Thin or Bare Patches

  • LIKELY CAUSE: This tends to be a problem of seeded lawns rather than turf and it’s often caused by poor germination, sowing the seed too thinly or adverse weather.
  • HOW TO AVOID IT: Using only good quality, fresh seed should tend to avoid most of the germination problems, taking care to sow it at the recommended density and once again, paying attention to watering and drainage will help minimise any weather related problems.
  • HOW TO CURE IT: The only remedy is to carefully rake over the affected area and then re-seed.


  • LIKELY CAUSE: Nine times out of ten this is down to lack of water and it is a particular problem in heavy, clay soils.
  • HOW TO AVOID IT: Make sure you water your new lawn properly, especially in even short spells of warm, dry weather.
  • HOW TO CURE IT: In the seeded lawn, water the whole area thoroughly and then add a top dressing of finely sieved soil or compost to fill in the cracks before adding a thin sowing of new seed. For cracks between individual turves, water the lawn until they swell up to their original size and then carefully top dress where they join, making sure you keep the lawn properly watered afterwards.


  • LIKELY CAUSE: Hollows are often caused by a poorly consolidated site settling after turfing or seeding, though rain-pooling on an inclined site can sometimes have the same effect on a seeded lawn.
  • HOW TO AVOID IT: Make sure that the site is properly prepared in the first place and the surface of the soil is of an even consistency without any rocks, stones or organic material which might affect the way it eventually settles.
  • HOW TO CURE IT: The simplest way to treat this on a lawn that has already begun to become established is to add a little top dressing into the hollow, repeating it once or twice a week as the grass grows up, until the hollow has been filled in.

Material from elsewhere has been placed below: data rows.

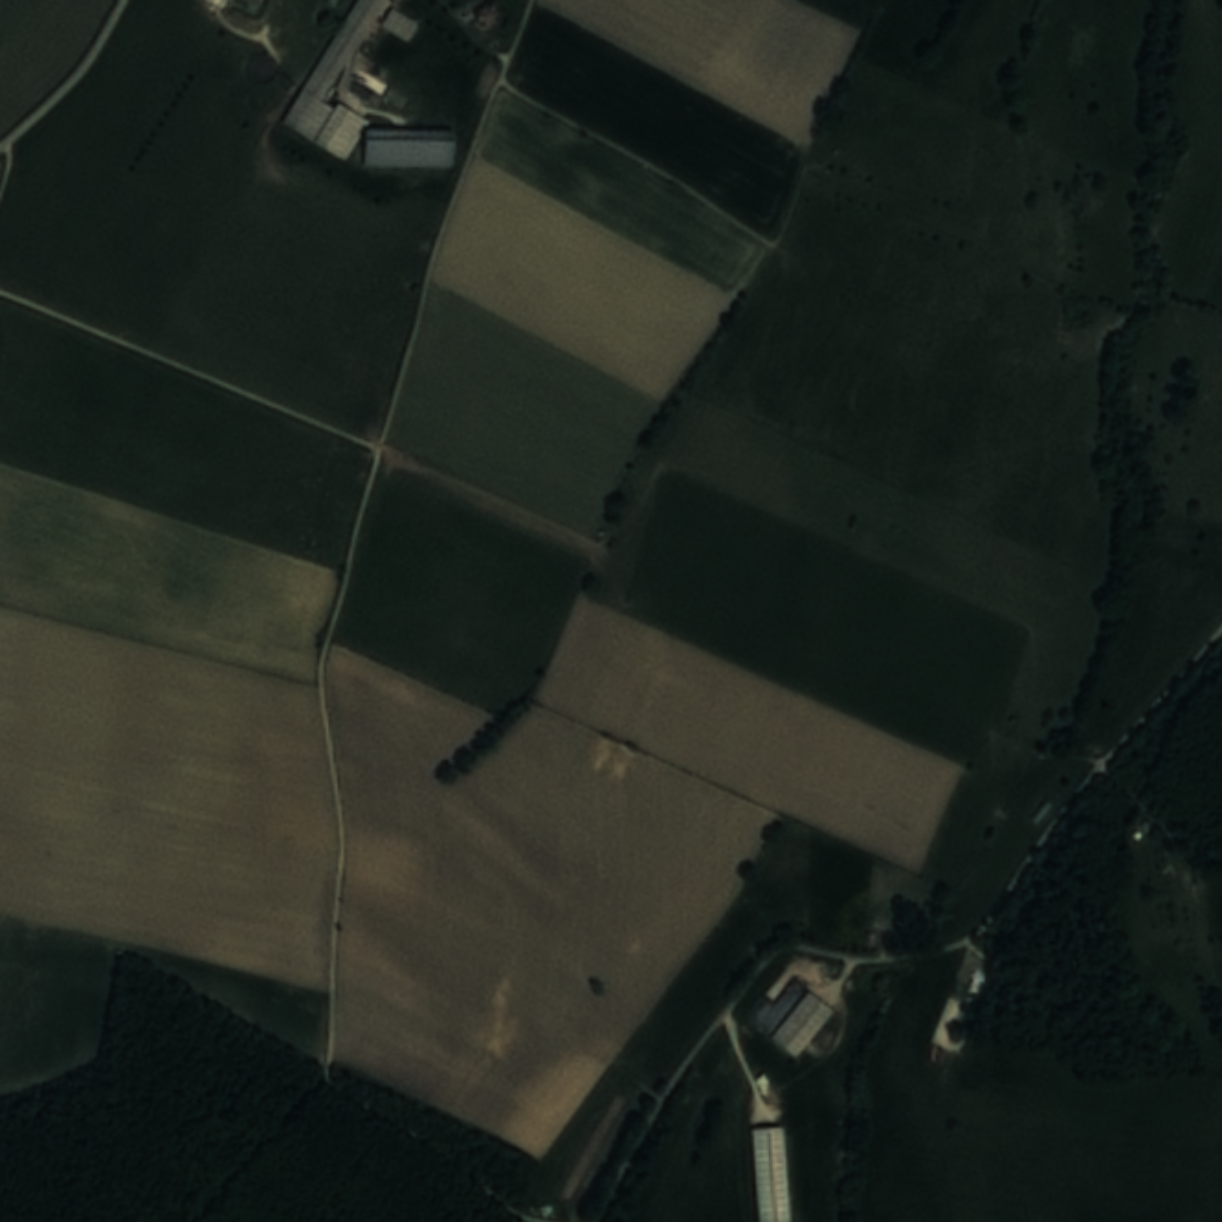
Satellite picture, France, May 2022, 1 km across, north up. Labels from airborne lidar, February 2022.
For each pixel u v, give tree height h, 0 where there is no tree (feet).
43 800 0
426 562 0
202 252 0
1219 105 0
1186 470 0
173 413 0
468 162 0
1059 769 0
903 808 0
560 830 0
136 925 0
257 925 0
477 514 0
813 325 0
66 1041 0
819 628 0
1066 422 0
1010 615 0
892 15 0
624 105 0
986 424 0
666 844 0
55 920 0
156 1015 46
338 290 0
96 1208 59
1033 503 0
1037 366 0
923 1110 0
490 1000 0
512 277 0
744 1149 0
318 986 0
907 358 0
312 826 0
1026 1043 39
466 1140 45
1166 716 22
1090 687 46
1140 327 36
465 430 0
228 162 0
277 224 0
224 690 0
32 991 0
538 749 0
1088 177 20
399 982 0
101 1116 45
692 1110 0
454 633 0
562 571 0
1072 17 0
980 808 0
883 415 0
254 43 0
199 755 0
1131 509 40
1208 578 0
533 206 0
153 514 0
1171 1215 0
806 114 0
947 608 0
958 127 0
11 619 0
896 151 0
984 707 0
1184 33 26
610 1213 19
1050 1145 0
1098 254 0
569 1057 0
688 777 0
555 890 0
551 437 0
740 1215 0
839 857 0
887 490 0
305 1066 49
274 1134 46
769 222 0
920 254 0
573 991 0
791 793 0
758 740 0
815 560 0
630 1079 0
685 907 0
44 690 0
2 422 0
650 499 0
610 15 0
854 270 0
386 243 0
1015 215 0
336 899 0
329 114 0
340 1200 60
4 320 0
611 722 0
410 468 0
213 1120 58
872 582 0
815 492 0
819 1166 0
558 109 0
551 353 0
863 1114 26
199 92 0
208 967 0
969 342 0
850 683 0
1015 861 0
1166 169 33
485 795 0
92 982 0
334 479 0
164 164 0
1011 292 0
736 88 0
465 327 0
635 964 0
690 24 0
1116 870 78
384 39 0
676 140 0
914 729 0
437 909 0
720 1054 0
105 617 0
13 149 0
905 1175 0
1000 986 61
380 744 0
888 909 0
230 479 0
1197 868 68
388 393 0
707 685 0
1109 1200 0
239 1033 52
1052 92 0
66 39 0
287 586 0
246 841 0
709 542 0
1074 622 0
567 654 0
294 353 0
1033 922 79
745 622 0
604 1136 0
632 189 0
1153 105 44
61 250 0
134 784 0
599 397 0
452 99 0
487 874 0
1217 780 72
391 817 0
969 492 0
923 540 0
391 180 0
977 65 0
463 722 0
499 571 0
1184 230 0
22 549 0
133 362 0
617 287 0
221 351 0
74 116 0
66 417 0
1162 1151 0
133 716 0
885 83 0
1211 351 0
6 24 0
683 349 0
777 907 0
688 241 0
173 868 0
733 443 0
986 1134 0
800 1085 0
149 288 0
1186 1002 0
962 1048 0
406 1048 0
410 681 0
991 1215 0
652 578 0
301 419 0
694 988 0
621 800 0
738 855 0
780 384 0
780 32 0
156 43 0
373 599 0
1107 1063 58
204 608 0
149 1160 55
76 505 0
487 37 0
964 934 0
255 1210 58
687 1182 0
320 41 0
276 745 0
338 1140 57
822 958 0
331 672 0
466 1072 0

  • LIKELY CAUSE: Poor site preparation is the number one cause of serious weed infestations.
  • HOW TO AVOID IT: Routine raking and hoeing will bring successive batches of seeds to the surface, where they will germinate and can then be destroyed, eradicating the natural weed reservoir in the soil long before you sow any grass on the site.
  • HOW TO CURE IT: Gentle hand weeding is the best remedy, ideally when the weed seedlings are still quite small and their roots are not well-developed, taking care not to rip up the grass at the same time. Do not be tempted to use weed-killer on a seeded lawn during its first year.

There’s no denying that taking on the job of creating a new lawn does mean that you’re going to be in for a good deal of work before you can enjoy the finished product. Get the preparation right, however, and take your time to avoid the obvious pitfalls and you’ll soon be well on the way to the lawn of your dreams!